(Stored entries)
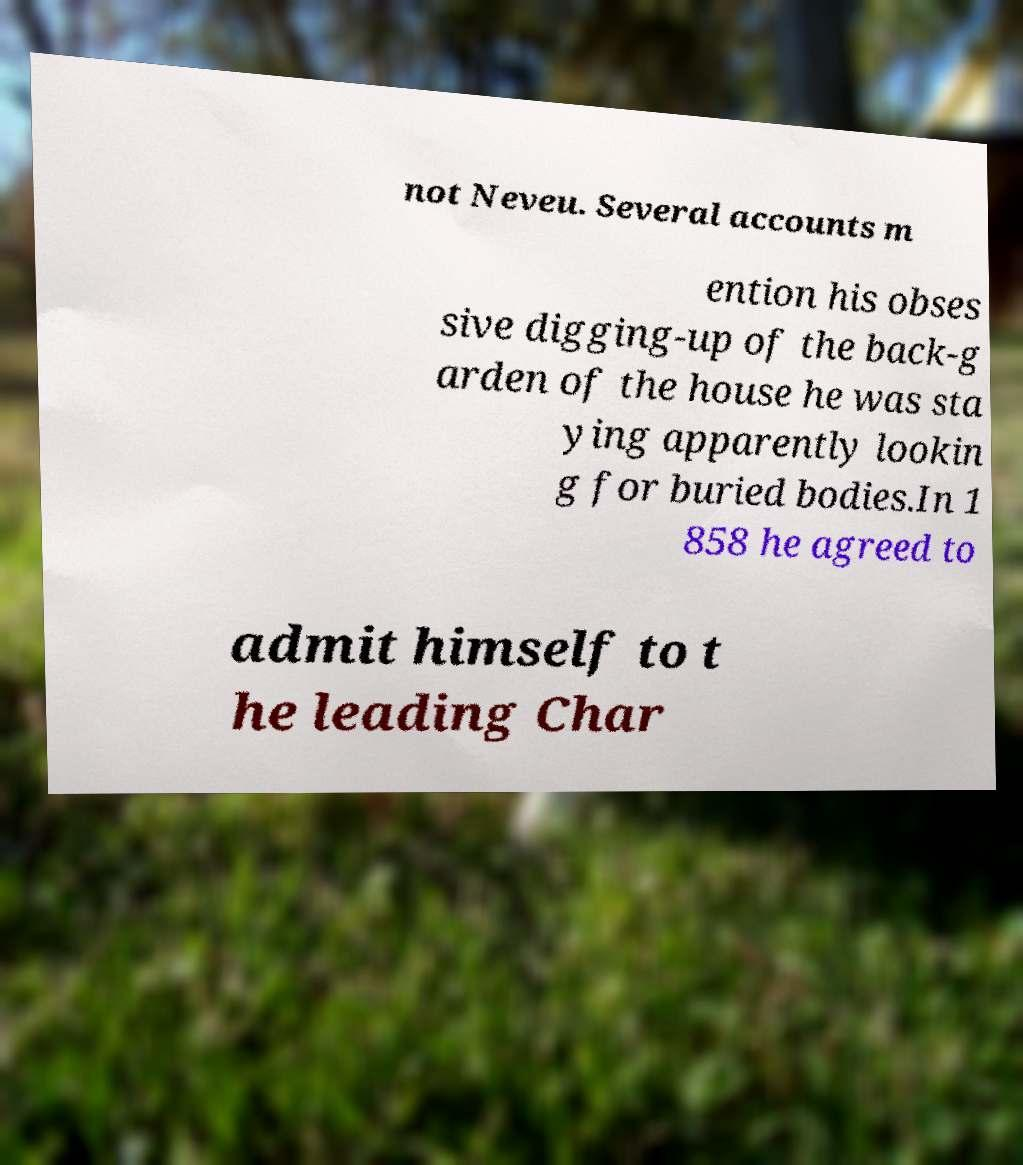Please identify and transcribe the text found in this image. not Neveu. Several accounts m ention his obses sive digging-up of the back-g arden of the house he was sta ying apparently lookin g for buried bodies.In 1 858 he agreed to admit himself to t he leading Char 
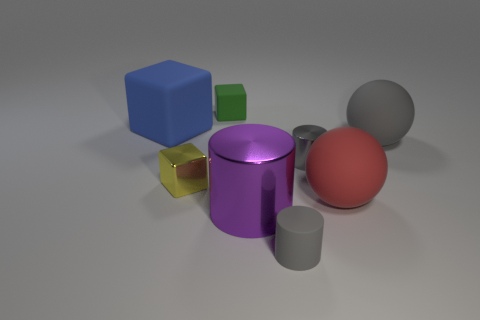What material is the small thing to the left of the matte cube that is behind the large cube?
Provide a short and direct response. Metal. Is the number of gray cylinders that are right of the big cube greater than the number of gray rubber balls?
Keep it short and to the point. Yes. Is there a small yellow object?
Provide a succinct answer. Yes. What is the color of the small rubber thing behind the big blue rubber block?
Your answer should be very brief. Green. There is a gray thing that is the same size as the rubber cylinder; what material is it?
Make the answer very short. Metal. What number of other things are there of the same material as the yellow object
Provide a succinct answer. 2. There is a cylinder that is both behind the small gray matte object and on the left side of the small metallic cylinder; what is its color?
Your response must be concise. Purple. What number of objects are either objects that are behind the big blue rubber thing or large matte balls?
Your answer should be compact. 3. What number of other things are there of the same color as the tiny matte cylinder?
Give a very brief answer. 2. Are there the same number of gray objects to the left of the large purple metal object and big brown metal blocks?
Your answer should be compact. Yes. 
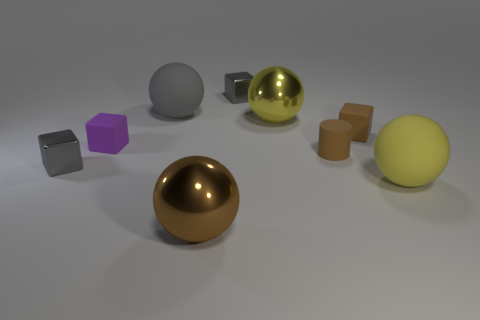Subtract all cyan blocks. Subtract all red spheres. How many blocks are left? 4 Add 1 metal things. How many objects exist? 10 Subtract all blocks. How many objects are left? 5 Add 6 big spheres. How many big spheres exist? 10 Subtract 0 red balls. How many objects are left? 9 Subtract all blue metallic things. Subtract all brown matte cylinders. How many objects are left? 8 Add 8 large brown metallic things. How many large brown metallic things are left? 9 
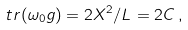Convert formula to latex. <formula><loc_0><loc_0><loc_500><loc_500>\ t r ( \omega _ { 0 } g ) = 2 X ^ { 2 } / L = 2 { C } \, ,</formula> 
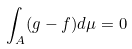<formula> <loc_0><loc_0><loc_500><loc_500>\int _ { A } ( g - f ) d \mu = 0</formula> 
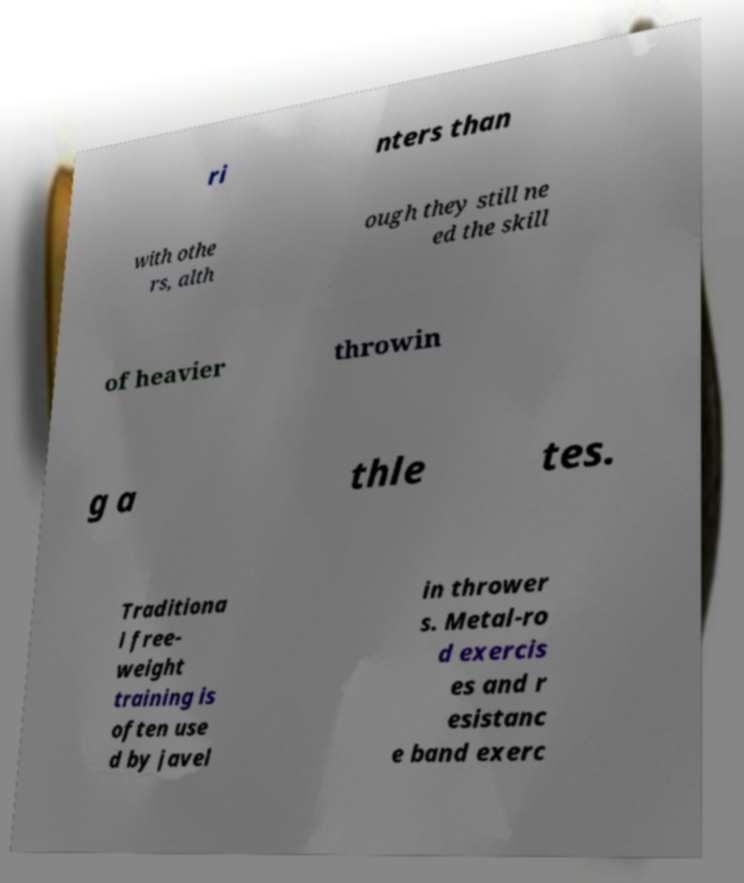There's text embedded in this image that I need extracted. Can you transcribe it verbatim? ri nters than with othe rs, alth ough they still ne ed the skill of heavier throwin g a thle tes. Traditiona l free- weight training is often use d by javel in thrower s. Metal-ro d exercis es and r esistanc e band exerc 
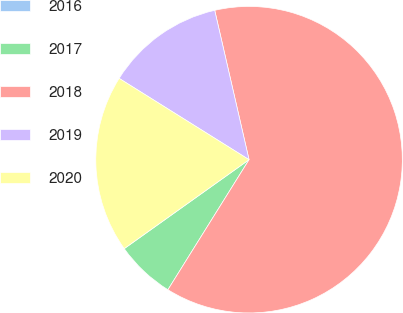<chart> <loc_0><loc_0><loc_500><loc_500><pie_chart><fcel>2016<fcel>2017<fcel>2018<fcel>2019<fcel>2020<nl><fcel>0.01%<fcel>6.26%<fcel>62.47%<fcel>12.5%<fcel>18.75%<nl></chart> 
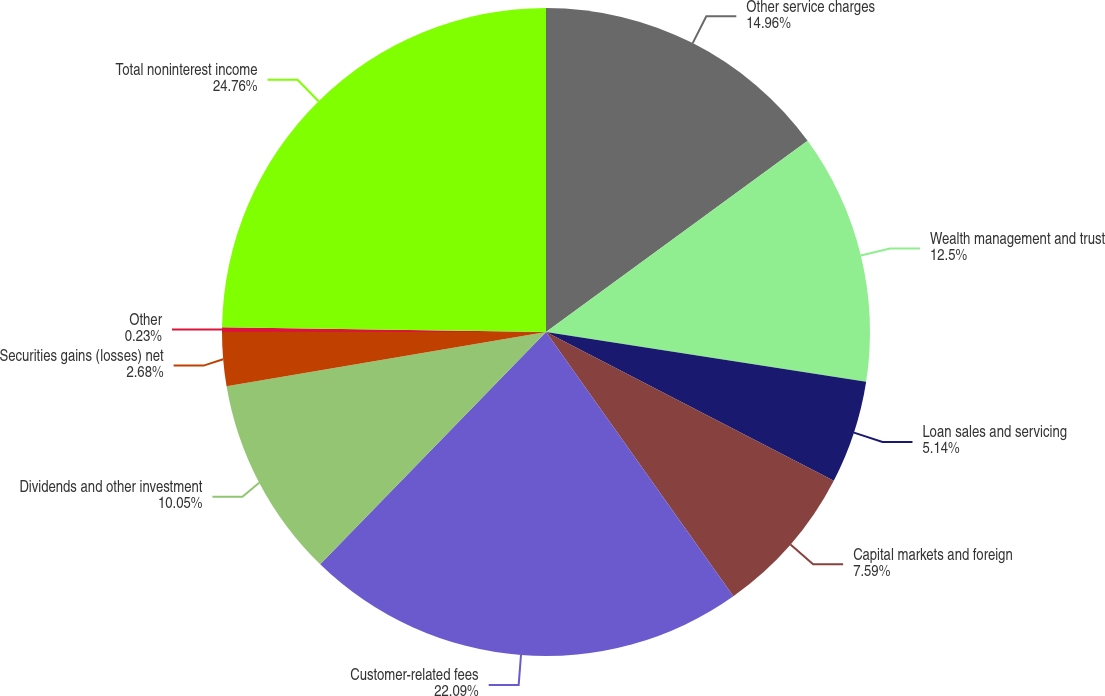<chart> <loc_0><loc_0><loc_500><loc_500><pie_chart><fcel>Other service charges<fcel>Wealth management and trust<fcel>Loan sales and servicing<fcel>Capital markets and foreign<fcel>Customer-related fees<fcel>Dividends and other investment<fcel>Securities gains (losses) net<fcel>Other<fcel>Total noninterest income<nl><fcel>14.96%<fcel>12.5%<fcel>5.14%<fcel>7.59%<fcel>22.09%<fcel>10.05%<fcel>2.68%<fcel>0.23%<fcel>24.77%<nl></chart> 
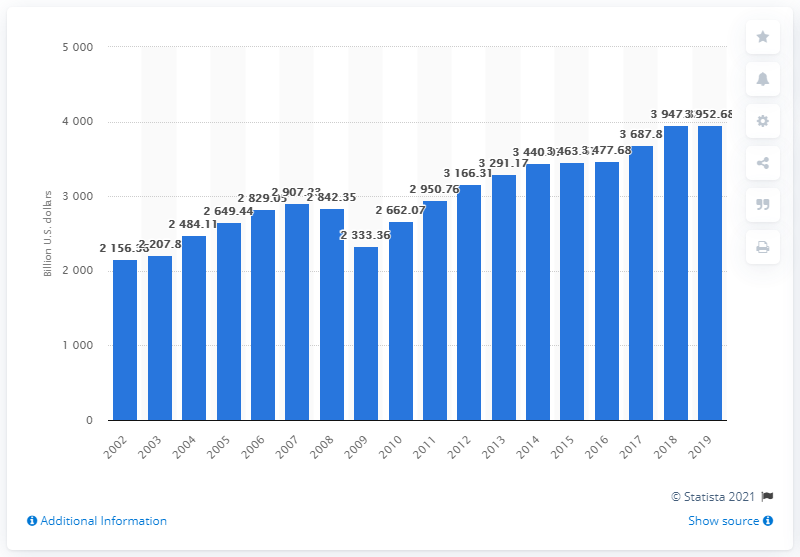Give some essential details in this illustration. In 2019, the total sales of durable goods by U.S. merchant wholesalers was 3952.68. 
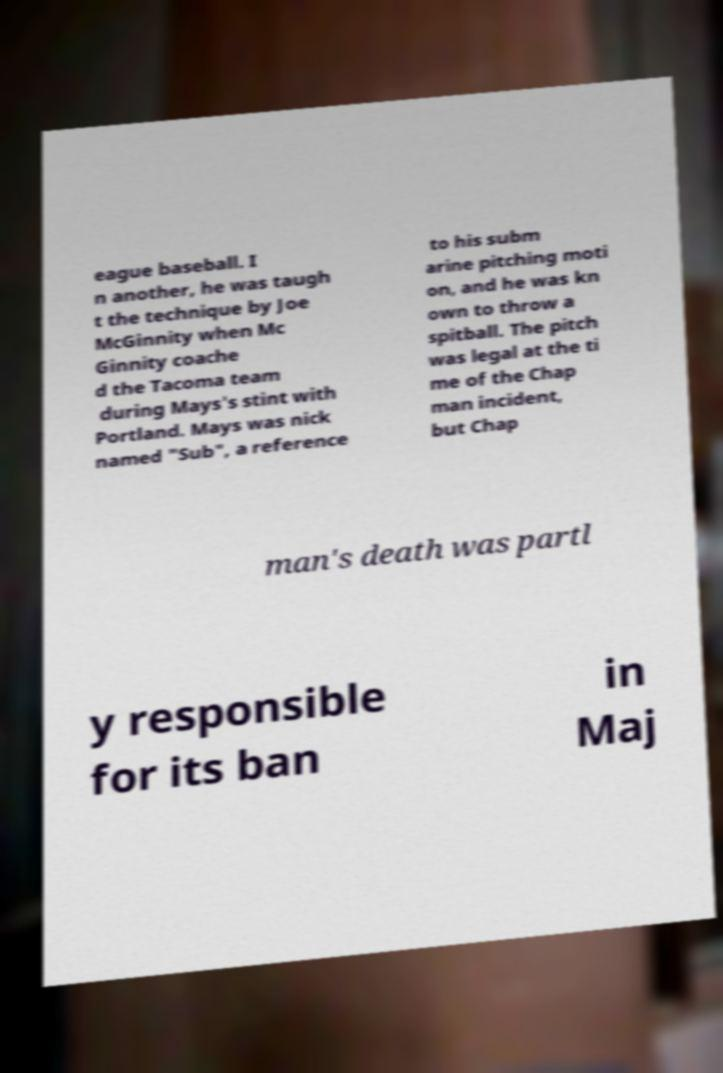Could you assist in decoding the text presented in this image and type it out clearly? eague baseball. I n another, he was taugh t the technique by Joe McGinnity when Mc Ginnity coache d the Tacoma team during Mays's stint with Portland. Mays was nick named "Sub", a reference to his subm arine pitching moti on, and he was kn own to throw a spitball. The pitch was legal at the ti me of the Chap man incident, but Chap man's death was partl y responsible for its ban in Maj 
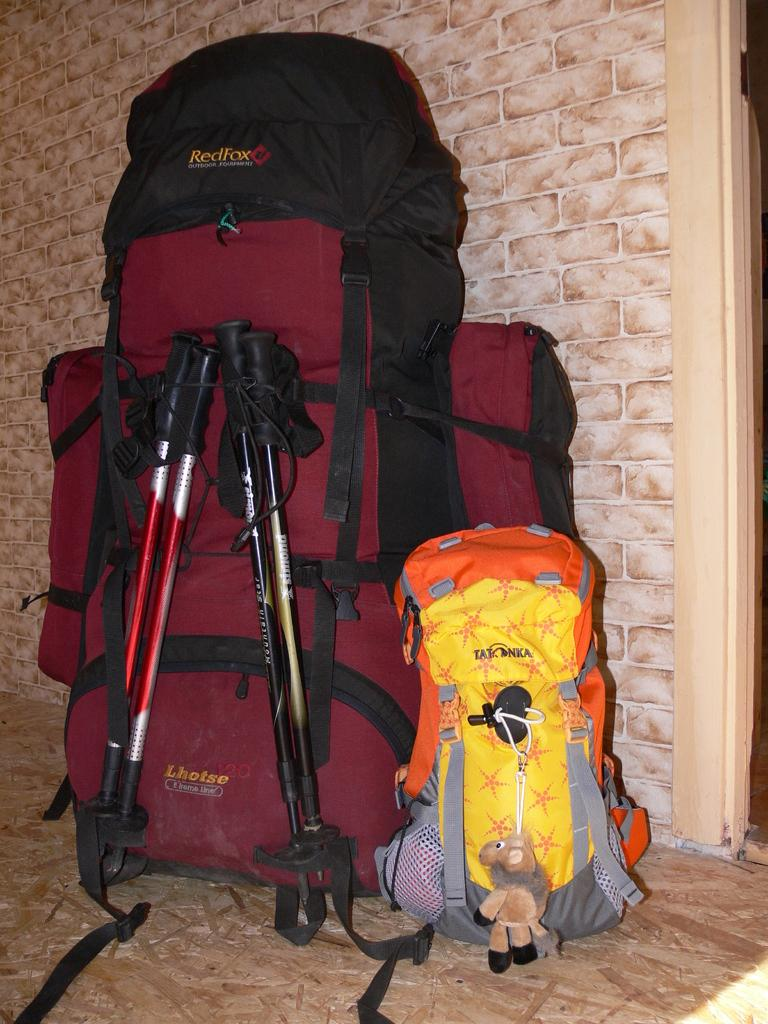<image>
Relay a brief, clear account of the picture shown. A red Lhotse backpack with two ski poles folded up and attached to the back. 
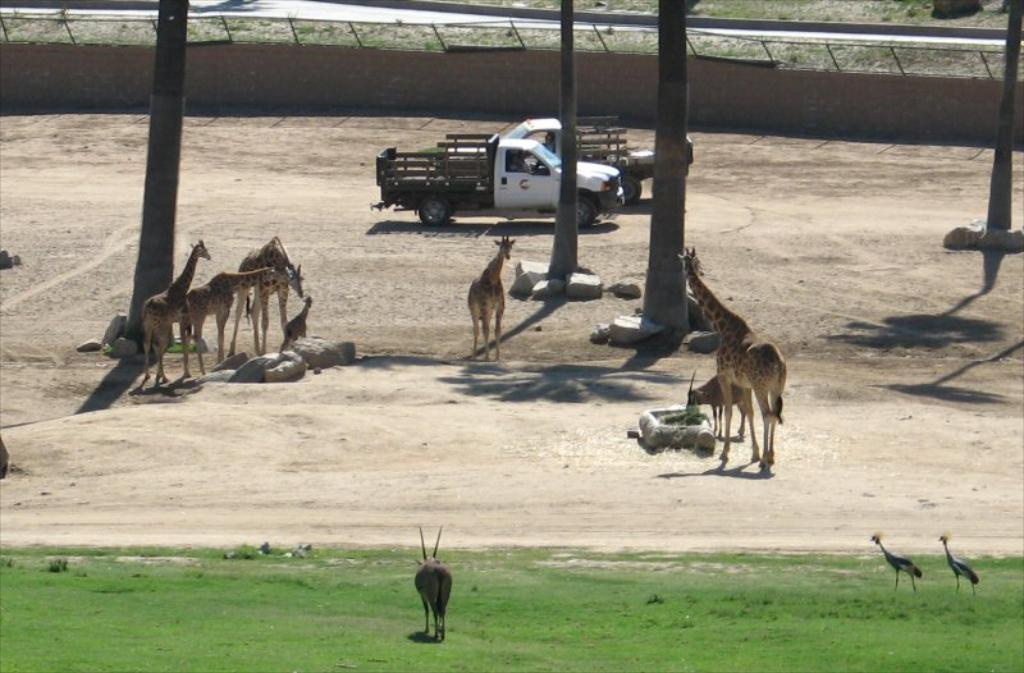What type of animals are in the center of the image? There are animals in the center of the image, but the specific type cannot be determined from the provided facts. What can be seen on the right side of the image? There are birds on the right side of the image. What is at the bottom of the image? There is grass at the bottom of the image. What is visible in the background of the image? There are trees, vehicles, and a wall in the background of the image. Reasoning: Let' Let's think step by step in order to produce the conversation. We start by identifying the main subjects and objects in the image based on the provided facts. We then formulate questions that focus on the location and characteristics of these subjects and objects, ensuring that each question can be answered definitively with the information given. We avoid yes/no questions and ensure that the language is simple and clear. Absurd Question/Answer: How many eggs are hanging from the cobweb in the image? There is no cobweb or eggs present in the image. What type of money can be seen in the image? There is no money present in the image.

# WHAT NEEDS TO BE DONE:
This calls for an exact copy of all the entries above, with the pictures omitted.

# REPLY TO THE EXERCISE:
Please identify and transcribe the text found in this image. not Neveu. Several accounts m ention his obses sive digging-up of the back-g arden of the house he was sta ying apparently lookin g for buried bodies.In 1 858 he agreed to admit himself to t he leading Char 
What material is the small thing to the left of the matte cube that is behind the large cube?
Provide a short and direct response. Metal. Is the number of gray cylinders that are right of the big cube greater than the number of gray rubber balls?
Keep it short and to the point. Yes. Is there a small yellow object?
Provide a succinct answer. Yes. What is the color of the small rubber thing behind the big blue rubber block?
Your answer should be very brief. Green. There is a gray thing that is the same size as the rubber cylinder; what material is it?
Make the answer very short. Metal. What number of other things are there of the same material as the yellow object
Provide a succinct answer. 2. There is a cylinder that is both behind the small gray matte object and on the left side of the small metallic cylinder; what is its color?
Your response must be concise. Purple. What number of objects are either objects that are behind the big blue rubber thing or large matte balls?
Your answer should be compact. 3. What number of other things are there of the same color as the tiny matte cylinder?
Give a very brief answer. 2. Are there the same number of gray objects to the left of the large purple metal object and big brown metal blocks?
Your answer should be compact. Yes. 
Subtract all cyan blocks. Subtract all red spheres. How many blocks are left? 4 Add 1 metal things. How many objects exist? 10 Subtract all blocks. How many objects are left? 5 Add 6 big spheres. How many big spheres exist? 10 Subtract 0 red balls. How many objects are left? 9 Subtract all blue metallic things. Subtract all brown matte cylinders. How many objects are left? 8 Add 8 large brown metallic things. How many large brown metallic things are left? 9 
Convert formula to latex. <formula><loc_0><loc_0><loc_500><loc_500>\ t r ( \omega _ { 0 } g ) = 2 X ^ { 2 } / L = 2 { C } \, ,</formula> 
<formula> <loc_0><loc_0><loc_500><loc_500>\int _ { A } ( g - f ) d \mu = 0</formula> 
There's text embedded in this image that I need extracted. Can you transcribe it verbatim? ri nters than with othe rs, alth ough they still ne ed the skill of heavier throwin g a thle tes. Traditiona l free- weight training is often use d by javel in thrower s. Metal-ro d exercis es and r esistanc e band exerc 
<chart> <loc_0><loc_0><loc_500><loc_500><pie_chart><fcel>2016<fcel>2017<fcel>2018<fcel>2019<fcel>2020<nl><fcel>0.01%<fcel>6.26%<fcel>62.47%<fcel>12.5%<fcel>18.75%<nl></chart> 
<chart> <loc_0><loc_0><loc_500><loc_500><pie_chart><fcel>Other service charges<fcel>Wealth management and trust<fcel>Loan sales and servicing<fcel>Capital markets and foreign<fcel>Customer-related fees<fcel>Dividends and other investment<fcel>Securities gains (losses) net<fcel>Other<fcel>Total noninterest income<nl><fcel>14.96%<fcel>12.5%<fcel>5.14%<fcel>7.59%<fcel>22.09%<fcel>10.05%<fcel>2.68%<fcel>0.23%<fcel>24.77%<nl></chart> 
Give some essential details in this illustration. In 2019, the total sales of durable goods by U.S. merchant wholesalers was 3952.68. 
Could you assist in decoding the text presented in this image and type it out clearly? eague baseball. I n another, he was taugh t the technique by Joe McGinnity when Mc Ginnity coache d the Tacoma team during Mays's stint with Portland. Mays was nick named "Sub", a reference to his subm arine pitching moti on, and he was kn own to throw a spitball. The pitch was legal at the ti me of the Chap man incident, but Chap man's death was partl y responsible for its ban in Maj 
<image>
Relay a brief, clear account of the picture shown. A red Lhotse backpack with two ski poles folded up and attached to the back. 
What type of animals are in the center of the image? There are animals in the center of the image, but the specific type cannot be determined from the provided facts. What can be seen on the right side of the image? There are birds on the right side of the image. What is at the bottom of the image? There is grass at the bottom of the image. What is visible in the background of the image? There are trees, vehicles, and a wall in the background of the image. Reasoning: Let' Let's think step by step in order to produce the conversation. We start by identifying the main subjects and objects in the image based on the provided facts. We then formulate questions that focus on the location and characteristics of these subjects and objects, ensuring that each question can be answered definitively with the information given. We avoid yes/no questions and ensure that the language is simple and clear. Absurd Question/Answer: How many eggs are hanging from the cobweb in the image? There is no cobweb or eggs present in the image. What type of money can be seen in the image? There is no money present in the image.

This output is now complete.